### Data shown

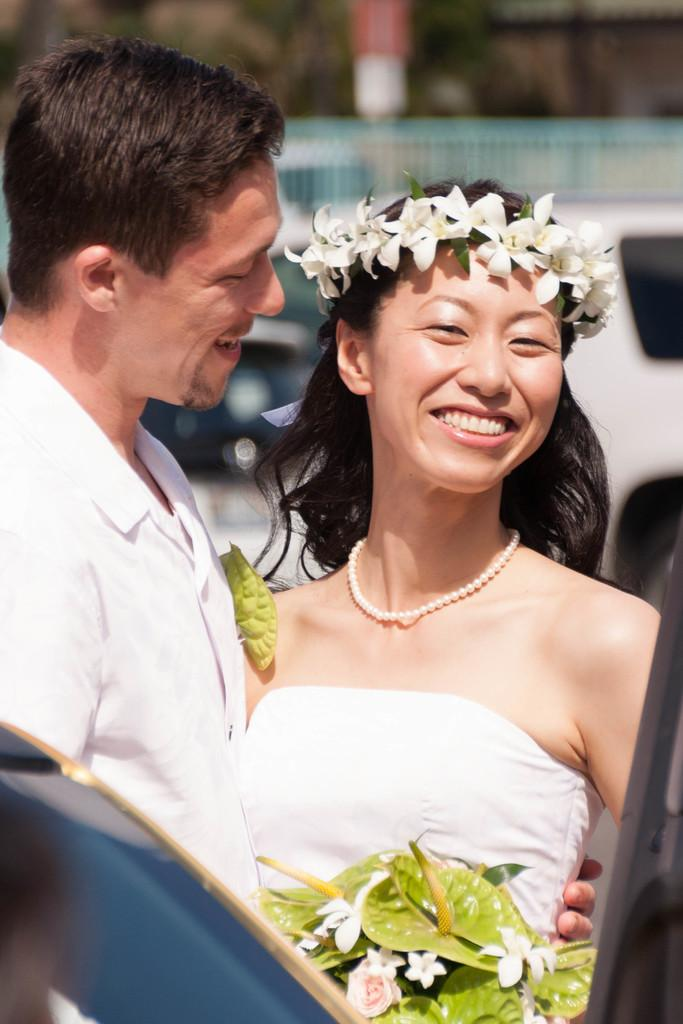How many people are present in the image? There are two people, a man and a woman, present in the image. What expressions do the people in the image have? Both the man and the woman are smiling in the image. What can be seen in the background of the image? There are vehicles and a fence in the background of the image. What is the quality of the image? The image is blurry. What ideas do the kittens have about the property in the image? There are no kittens present in the image, so it is not possible to determine their ideas about the property. 
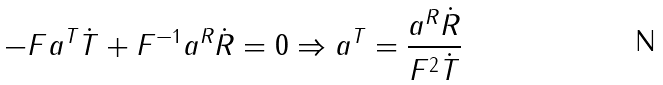Convert formula to latex. <formula><loc_0><loc_0><loc_500><loc_500>- F a ^ { T } \dot { T } + F ^ { - 1 } a ^ { R } \dot { R } = 0 \Rightarrow a ^ { T } = \frac { a ^ { R } \dot { R } } { F ^ { 2 } \dot { T } }</formula> 
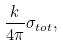Convert formula to latex. <formula><loc_0><loc_0><loc_500><loc_500>\frac { k } { 4 \pi } \sigma _ { t o t } ,</formula> 
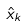<formula> <loc_0><loc_0><loc_500><loc_500>\hat { x } _ { k }</formula> 
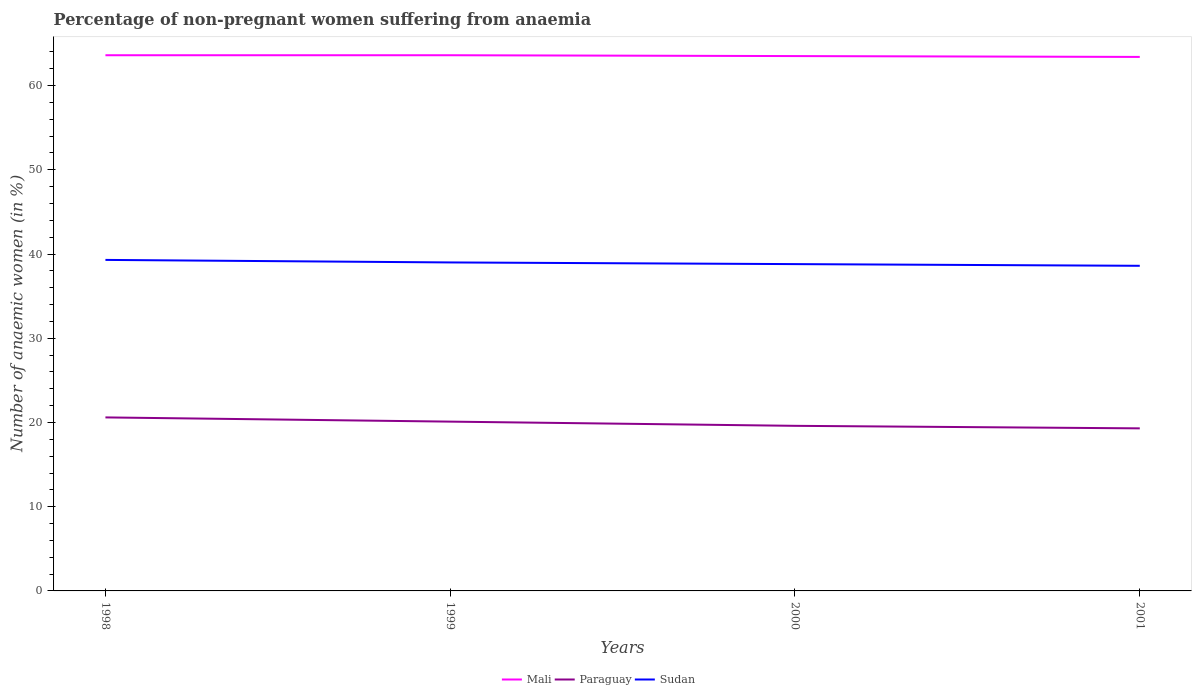How many different coloured lines are there?
Keep it short and to the point. 3. Does the line corresponding to Sudan intersect with the line corresponding to Paraguay?
Provide a short and direct response. No. Across all years, what is the maximum percentage of non-pregnant women suffering from anaemia in Mali?
Your answer should be compact. 63.4. In which year was the percentage of non-pregnant women suffering from anaemia in Paraguay maximum?
Your response must be concise. 2001. What is the total percentage of non-pregnant women suffering from anaemia in Paraguay in the graph?
Provide a succinct answer. 1.3. What is the difference between the highest and the second highest percentage of non-pregnant women suffering from anaemia in Mali?
Your answer should be very brief. 0.2. What is the difference between the highest and the lowest percentage of non-pregnant women suffering from anaemia in Sudan?
Offer a terse response. 2. Is the percentage of non-pregnant women suffering from anaemia in Paraguay strictly greater than the percentage of non-pregnant women suffering from anaemia in Mali over the years?
Provide a short and direct response. Yes. How many lines are there?
Ensure brevity in your answer.  3. What is the difference between two consecutive major ticks on the Y-axis?
Offer a terse response. 10. Are the values on the major ticks of Y-axis written in scientific E-notation?
Keep it short and to the point. No. Does the graph contain any zero values?
Provide a short and direct response. No. How many legend labels are there?
Ensure brevity in your answer.  3. How are the legend labels stacked?
Your answer should be very brief. Horizontal. What is the title of the graph?
Your response must be concise. Percentage of non-pregnant women suffering from anaemia. Does "Dominican Republic" appear as one of the legend labels in the graph?
Your response must be concise. No. What is the label or title of the Y-axis?
Your answer should be very brief. Number of anaemic women (in %). What is the Number of anaemic women (in %) of Mali in 1998?
Your response must be concise. 63.6. What is the Number of anaemic women (in %) in Paraguay in 1998?
Keep it short and to the point. 20.6. What is the Number of anaemic women (in %) in Sudan in 1998?
Provide a short and direct response. 39.3. What is the Number of anaemic women (in %) in Mali in 1999?
Give a very brief answer. 63.6. What is the Number of anaemic women (in %) of Paraguay in 1999?
Your response must be concise. 20.1. What is the Number of anaemic women (in %) in Mali in 2000?
Your answer should be compact. 63.5. What is the Number of anaemic women (in %) in Paraguay in 2000?
Ensure brevity in your answer.  19.6. What is the Number of anaemic women (in %) in Sudan in 2000?
Your answer should be compact. 38.8. What is the Number of anaemic women (in %) of Mali in 2001?
Your response must be concise. 63.4. What is the Number of anaemic women (in %) in Paraguay in 2001?
Your answer should be compact. 19.3. What is the Number of anaemic women (in %) of Sudan in 2001?
Provide a short and direct response. 38.6. Across all years, what is the maximum Number of anaemic women (in %) of Mali?
Ensure brevity in your answer.  63.6. Across all years, what is the maximum Number of anaemic women (in %) in Paraguay?
Make the answer very short. 20.6. Across all years, what is the maximum Number of anaemic women (in %) in Sudan?
Ensure brevity in your answer.  39.3. Across all years, what is the minimum Number of anaemic women (in %) in Mali?
Offer a very short reply. 63.4. Across all years, what is the minimum Number of anaemic women (in %) in Paraguay?
Your response must be concise. 19.3. Across all years, what is the minimum Number of anaemic women (in %) of Sudan?
Offer a terse response. 38.6. What is the total Number of anaemic women (in %) in Mali in the graph?
Your answer should be very brief. 254.1. What is the total Number of anaemic women (in %) in Paraguay in the graph?
Provide a succinct answer. 79.6. What is the total Number of anaemic women (in %) in Sudan in the graph?
Your response must be concise. 155.7. What is the difference between the Number of anaemic women (in %) in Paraguay in 1998 and that in 1999?
Give a very brief answer. 0.5. What is the difference between the Number of anaemic women (in %) in Sudan in 1998 and that in 1999?
Provide a succinct answer. 0.3. What is the difference between the Number of anaemic women (in %) of Paraguay in 1998 and that in 2000?
Offer a very short reply. 1. What is the difference between the Number of anaemic women (in %) in Mali in 1998 and that in 2001?
Give a very brief answer. 0.2. What is the difference between the Number of anaemic women (in %) in Paraguay in 1998 and that in 2001?
Offer a very short reply. 1.3. What is the difference between the Number of anaemic women (in %) in Sudan in 1998 and that in 2001?
Your answer should be compact. 0.7. What is the difference between the Number of anaemic women (in %) of Paraguay in 1999 and that in 2001?
Your answer should be compact. 0.8. What is the difference between the Number of anaemic women (in %) in Mali in 2000 and that in 2001?
Make the answer very short. 0.1. What is the difference between the Number of anaemic women (in %) in Sudan in 2000 and that in 2001?
Offer a terse response. 0.2. What is the difference between the Number of anaemic women (in %) of Mali in 1998 and the Number of anaemic women (in %) of Paraguay in 1999?
Offer a terse response. 43.5. What is the difference between the Number of anaemic women (in %) in Mali in 1998 and the Number of anaemic women (in %) in Sudan in 1999?
Keep it short and to the point. 24.6. What is the difference between the Number of anaemic women (in %) in Paraguay in 1998 and the Number of anaemic women (in %) in Sudan in 1999?
Provide a succinct answer. -18.4. What is the difference between the Number of anaemic women (in %) in Mali in 1998 and the Number of anaemic women (in %) in Paraguay in 2000?
Provide a succinct answer. 44. What is the difference between the Number of anaemic women (in %) of Mali in 1998 and the Number of anaemic women (in %) of Sudan in 2000?
Keep it short and to the point. 24.8. What is the difference between the Number of anaemic women (in %) of Paraguay in 1998 and the Number of anaemic women (in %) of Sudan in 2000?
Provide a short and direct response. -18.2. What is the difference between the Number of anaemic women (in %) of Mali in 1998 and the Number of anaemic women (in %) of Paraguay in 2001?
Your answer should be very brief. 44.3. What is the difference between the Number of anaemic women (in %) of Mali in 1998 and the Number of anaemic women (in %) of Sudan in 2001?
Provide a succinct answer. 25. What is the difference between the Number of anaemic women (in %) in Paraguay in 1998 and the Number of anaemic women (in %) in Sudan in 2001?
Offer a very short reply. -18. What is the difference between the Number of anaemic women (in %) of Mali in 1999 and the Number of anaemic women (in %) of Paraguay in 2000?
Your answer should be compact. 44. What is the difference between the Number of anaemic women (in %) in Mali in 1999 and the Number of anaemic women (in %) in Sudan in 2000?
Offer a terse response. 24.8. What is the difference between the Number of anaemic women (in %) of Paraguay in 1999 and the Number of anaemic women (in %) of Sudan in 2000?
Make the answer very short. -18.7. What is the difference between the Number of anaemic women (in %) in Mali in 1999 and the Number of anaemic women (in %) in Paraguay in 2001?
Give a very brief answer. 44.3. What is the difference between the Number of anaemic women (in %) of Paraguay in 1999 and the Number of anaemic women (in %) of Sudan in 2001?
Make the answer very short. -18.5. What is the difference between the Number of anaemic women (in %) in Mali in 2000 and the Number of anaemic women (in %) in Paraguay in 2001?
Your answer should be compact. 44.2. What is the difference between the Number of anaemic women (in %) of Mali in 2000 and the Number of anaemic women (in %) of Sudan in 2001?
Offer a terse response. 24.9. What is the difference between the Number of anaemic women (in %) in Paraguay in 2000 and the Number of anaemic women (in %) in Sudan in 2001?
Your answer should be compact. -19. What is the average Number of anaemic women (in %) in Mali per year?
Keep it short and to the point. 63.52. What is the average Number of anaemic women (in %) in Paraguay per year?
Your answer should be very brief. 19.9. What is the average Number of anaemic women (in %) in Sudan per year?
Ensure brevity in your answer.  38.92. In the year 1998, what is the difference between the Number of anaemic women (in %) in Mali and Number of anaemic women (in %) in Sudan?
Offer a very short reply. 24.3. In the year 1998, what is the difference between the Number of anaemic women (in %) of Paraguay and Number of anaemic women (in %) of Sudan?
Ensure brevity in your answer.  -18.7. In the year 1999, what is the difference between the Number of anaemic women (in %) of Mali and Number of anaemic women (in %) of Paraguay?
Offer a very short reply. 43.5. In the year 1999, what is the difference between the Number of anaemic women (in %) of Mali and Number of anaemic women (in %) of Sudan?
Offer a very short reply. 24.6. In the year 1999, what is the difference between the Number of anaemic women (in %) in Paraguay and Number of anaemic women (in %) in Sudan?
Offer a terse response. -18.9. In the year 2000, what is the difference between the Number of anaemic women (in %) in Mali and Number of anaemic women (in %) in Paraguay?
Ensure brevity in your answer.  43.9. In the year 2000, what is the difference between the Number of anaemic women (in %) of Mali and Number of anaemic women (in %) of Sudan?
Give a very brief answer. 24.7. In the year 2000, what is the difference between the Number of anaemic women (in %) of Paraguay and Number of anaemic women (in %) of Sudan?
Your response must be concise. -19.2. In the year 2001, what is the difference between the Number of anaemic women (in %) of Mali and Number of anaemic women (in %) of Paraguay?
Your answer should be very brief. 44.1. In the year 2001, what is the difference between the Number of anaemic women (in %) of Mali and Number of anaemic women (in %) of Sudan?
Offer a very short reply. 24.8. In the year 2001, what is the difference between the Number of anaemic women (in %) in Paraguay and Number of anaemic women (in %) in Sudan?
Provide a short and direct response. -19.3. What is the ratio of the Number of anaemic women (in %) in Mali in 1998 to that in 1999?
Your answer should be very brief. 1. What is the ratio of the Number of anaemic women (in %) in Paraguay in 1998 to that in 1999?
Offer a very short reply. 1.02. What is the ratio of the Number of anaemic women (in %) of Sudan in 1998 to that in 1999?
Your answer should be compact. 1.01. What is the ratio of the Number of anaemic women (in %) of Paraguay in 1998 to that in 2000?
Keep it short and to the point. 1.05. What is the ratio of the Number of anaemic women (in %) of Sudan in 1998 to that in 2000?
Your answer should be very brief. 1.01. What is the ratio of the Number of anaemic women (in %) in Mali in 1998 to that in 2001?
Your answer should be compact. 1. What is the ratio of the Number of anaemic women (in %) in Paraguay in 1998 to that in 2001?
Give a very brief answer. 1.07. What is the ratio of the Number of anaemic women (in %) of Sudan in 1998 to that in 2001?
Give a very brief answer. 1.02. What is the ratio of the Number of anaemic women (in %) of Mali in 1999 to that in 2000?
Offer a terse response. 1. What is the ratio of the Number of anaemic women (in %) in Paraguay in 1999 to that in 2000?
Provide a succinct answer. 1.03. What is the ratio of the Number of anaemic women (in %) of Sudan in 1999 to that in 2000?
Offer a very short reply. 1.01. What is the ratio of the Number of anaemic women (in %) of Paraguay in 1999 to that in 2001?
Your answer should be compact. 1.04. What is the ratio of the Number of anaemic women (in %) of Sudan in 1999 to that in 2001?
Ensure brevity in your answer.  1.01. What is the ratio of the Number of anaemic women (in %) in Mali in 2000 to that in 2001?
Offer a terse response. 1. What is the ratio of the Number of anaemic women (in %) of Paraguay in 2000 to that in 2001?
Keep it short and to the point. 1.02. What is the difference between the highest and the second highest Number of anaemic women (in %) of Mali?
Offer a very short reply. 0. What is the difference between the highest and the second highest Number of anaemic women (in %) of Sudan?
Give a very brief answer. 0.3. What is the difference between the highest and the lowest Number of anaemic women (in %) in Sudan?
Ensure brevity in your answer.  0.7.

######

Task objective: Your answer must consist solely of the lines above between the line holding "Provide a succinct answer. 44." and the line holding "Give a very brief answer. 44.3.", inclusive, copied exactly.

Task solution:
Provide a succinct answer. 44. What is the difference between the Number of anaemic women (in %) of Mali in 1998 and the Number of anaemic women (in %) of Sudan in 2000?
Keep it short and to the point. 24.8. What is the difference between the Number of anaemic women (in %) of Paraguay in 1998 and the Number of anaemic women (in %) of Sudan in 2000?
Provide a short and direct response. -18.2. What is the difference between the Number of anaemic women (in %) of Mali in 1998 and the Number of anaemic women (in %) of Paraguay in 2001?
Your answer should be very brief. 44.3. What is the difference between the Number of anaemic women (in %) of Mali in 1998 and the Number of anaemic women (in %) of Sudan in 2001?
Provide a succinct answer. 25. What is the difference between the Number of anaemic women (in %) in Paraguay in 1998 and the Number of anaemic women (in %) in Sudan in 2001?
Offer a very short reply. -18. What is the difference between the Number of anaemic women (in %) of Mali in 1999 and the Number of anaemic women (in %) of Paraguay in 2000?
Your answer should be compact. 44. What is the difference between the Number of anaemic women (in %) in Mali in 1999 and the Number of anaemic women (in %) in Sudan in 2000?
Offer a terse response. 24.8. What is the difference between the Number of anaemic women (in %) of Paraguay in 1999 and the Number of anaemic women (in %) of Sudan in 2000?
Make the answer very short. -18.7. What is the difference between the Number of anaemic women (in %) in Mali in 1999 and the Number of anaemic women (in %) in Paraguay in 2001?
Give a very brief answer. 44.3. What is the difference between the Number of anaemic women (in %) of Paraguay in 1999 and the Number of anaemic women (in %) of Sudan in 2001?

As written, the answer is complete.